__Problem details__
Exclude images and print all the records verbatim.

__Data entries__
=======

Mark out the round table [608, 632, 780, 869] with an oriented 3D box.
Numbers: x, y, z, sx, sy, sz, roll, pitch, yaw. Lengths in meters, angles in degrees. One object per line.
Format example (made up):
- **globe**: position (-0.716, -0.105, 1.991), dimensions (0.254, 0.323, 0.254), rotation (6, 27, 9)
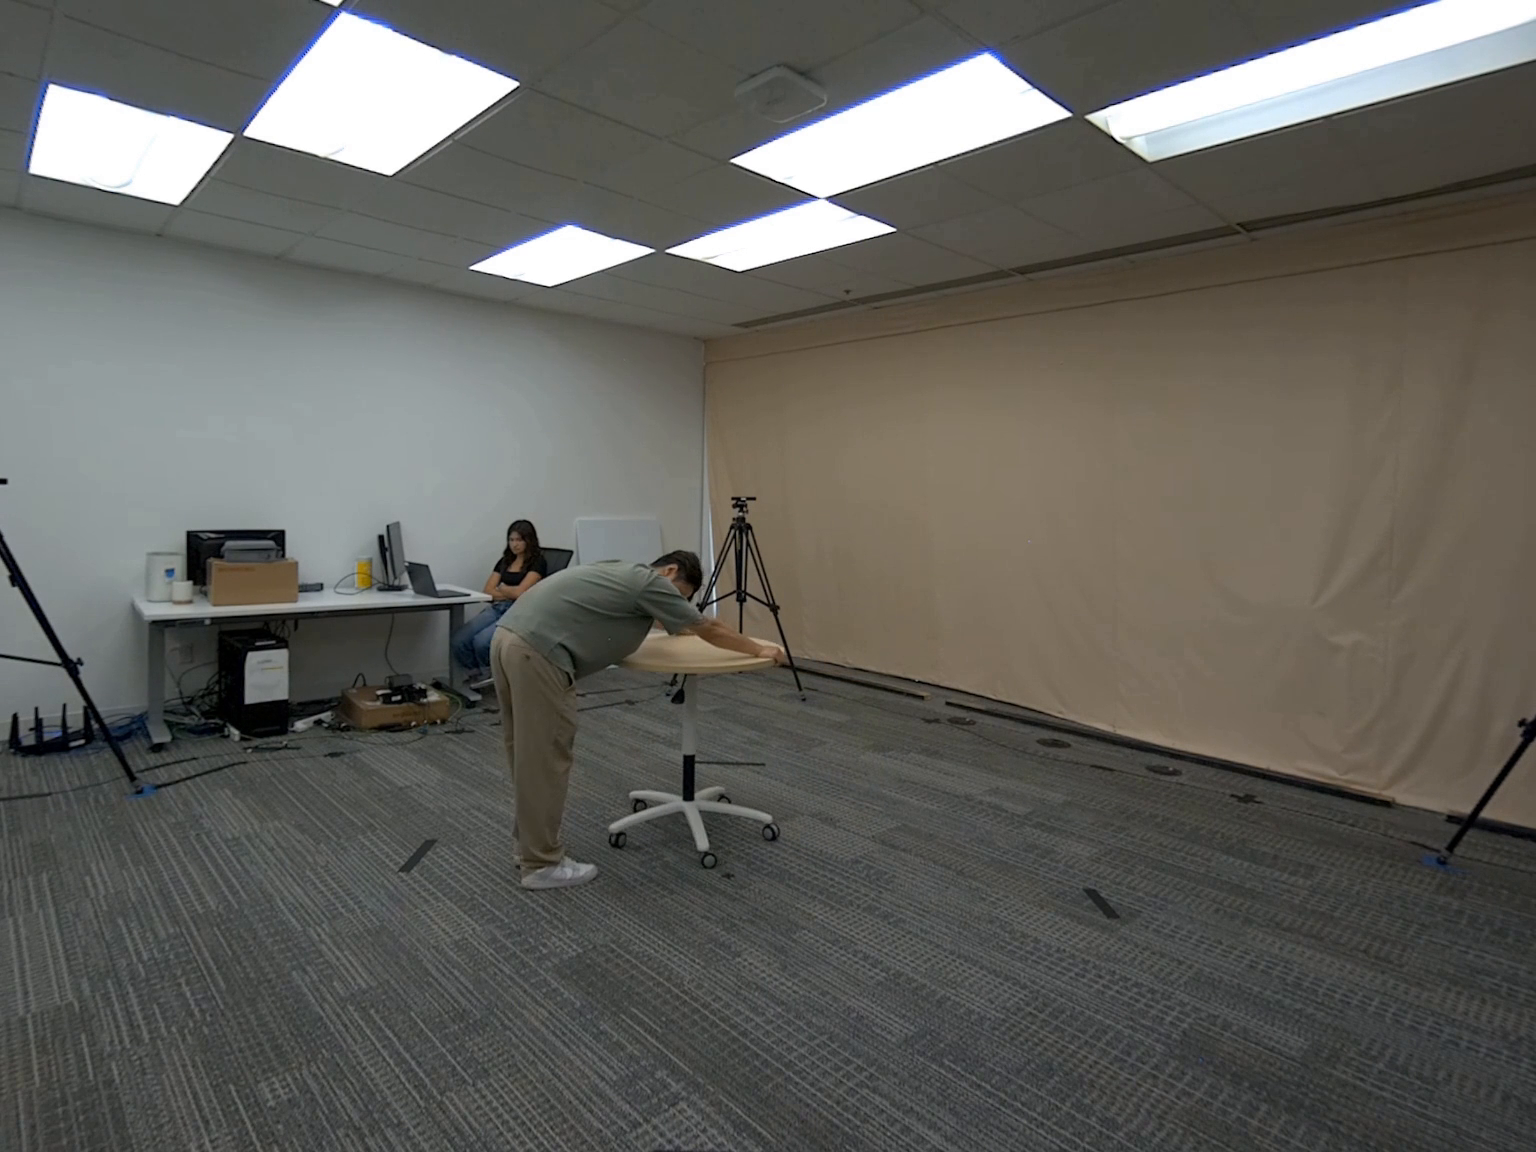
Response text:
- **round table**: position (-0.335, 0.677, 3.495), dimensions (0.784, 0.785, 0.787), rotation (2, 4, -1)
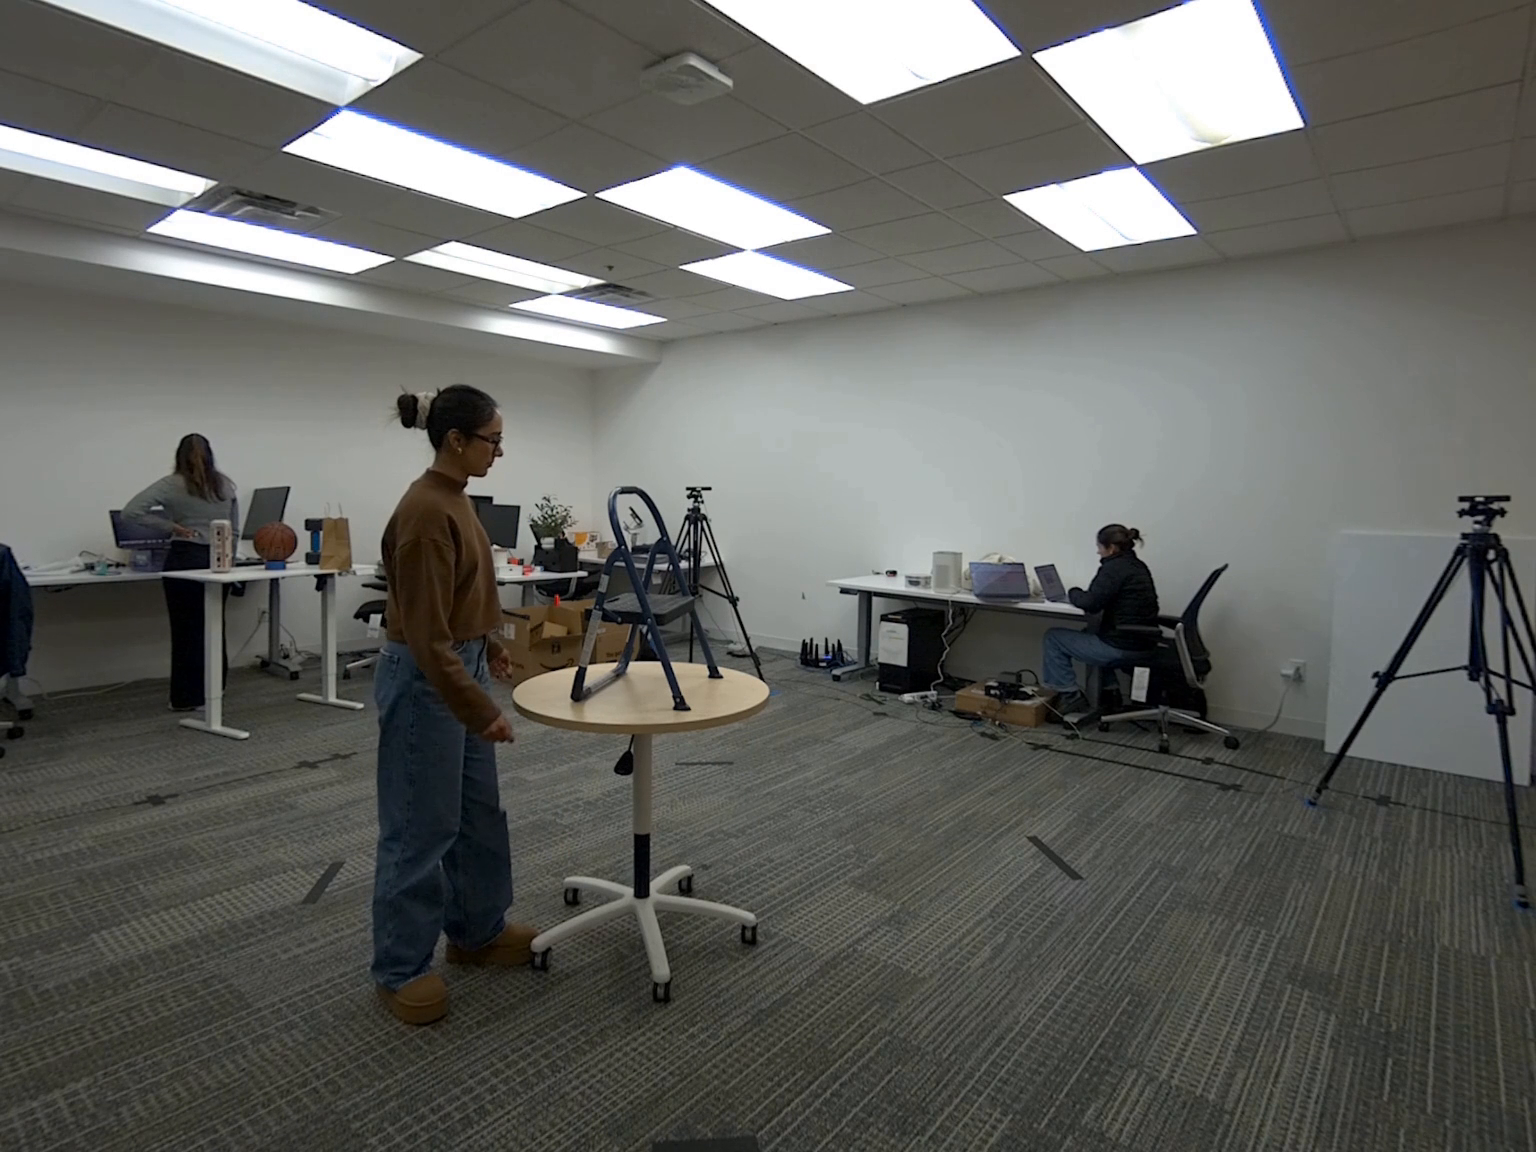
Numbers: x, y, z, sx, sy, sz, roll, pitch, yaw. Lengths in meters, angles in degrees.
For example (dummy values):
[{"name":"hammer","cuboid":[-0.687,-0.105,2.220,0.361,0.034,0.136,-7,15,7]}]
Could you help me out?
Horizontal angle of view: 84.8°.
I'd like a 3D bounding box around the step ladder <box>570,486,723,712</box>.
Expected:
[{"name":"step ladder","cuboid":[-0.362,0.040,2.538,0.354,0.604,0.426,2,4,12]}]
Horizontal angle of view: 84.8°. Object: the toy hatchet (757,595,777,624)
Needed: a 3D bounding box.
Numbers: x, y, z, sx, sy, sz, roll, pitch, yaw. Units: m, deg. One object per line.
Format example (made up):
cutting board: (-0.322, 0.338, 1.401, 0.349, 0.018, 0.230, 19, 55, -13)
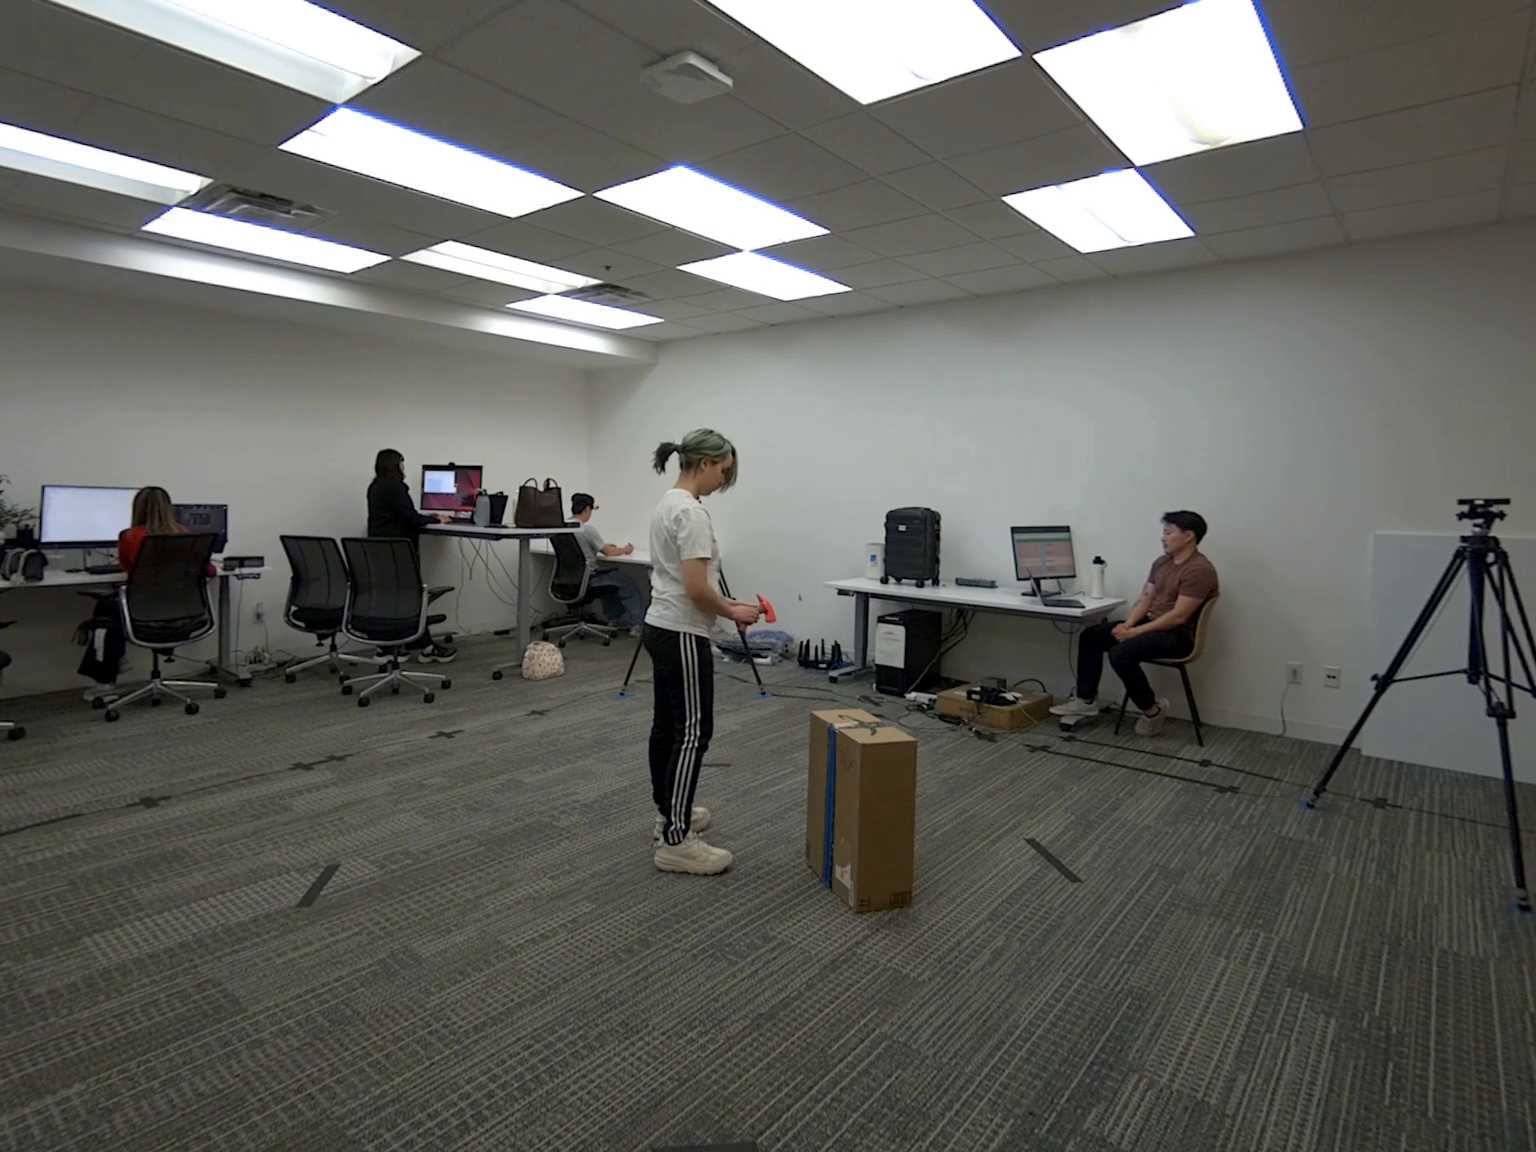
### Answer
toy hatchet: (-0.051, 0.176, 3.338, 0.030, 0.130, 0.271, -37, 10, 34)

=======

__Problem solution__
Mark out the round table [608, 632, 780, 869] with an oriented 3D box.
Numbers: x, y, z, sx, sy, sz, roll, pitch, yaw. Lengths in meters, angles in degrees. One object per line.
Format example (made up):
- **globe**: position (-0.716, -0.105, 1.991), dimensions (0.254, 0.323, 0.254), rotation (6, 27, 9)
Response text:
- **round table**: position (-0.335, 0.677, 3.495), dimensions (0.784, 0.785, 0.787), rotation (2, 4, -1)
Numbers: x, y, z, sx, sy, sz, roll, pitch, yaw. Lengths in meters, angles in degrees.
For example (dummy values):
[{"name":"hammer","cuboid":[-0.687,-0.105,2.220,0.361,0.034,0.136,-7,15,7]}]
Could you help me out?
Horizontal angle of view: 84.8°.
I'd like a 3D bounding box around the step ladder <box>570,486,723,712</box>.
Expected:
[{"name":"step ladder","cuboid":[-0.362,0.040,2.538,0.354,0.604,0.426,2,4,12]}]
Horizontal angle of view: 84.8°. Object: the toy hatchet (757,595,777,624)
Needed: a 3D bounding box.
Numbers: x, y, z, sx, sy, sz, roll, pitch, yaw. Units: m, deg. One object per line.
Format example (made up):
cutting board: (-0.322, 0.338, 1.401, 0.349, 0.018, 0.230, 19, 55, -13)
### Answer
toy hatchet: (-0.051, 0.176, 3.338, 0.030, 0.130, 0.271, -37, 10, 34)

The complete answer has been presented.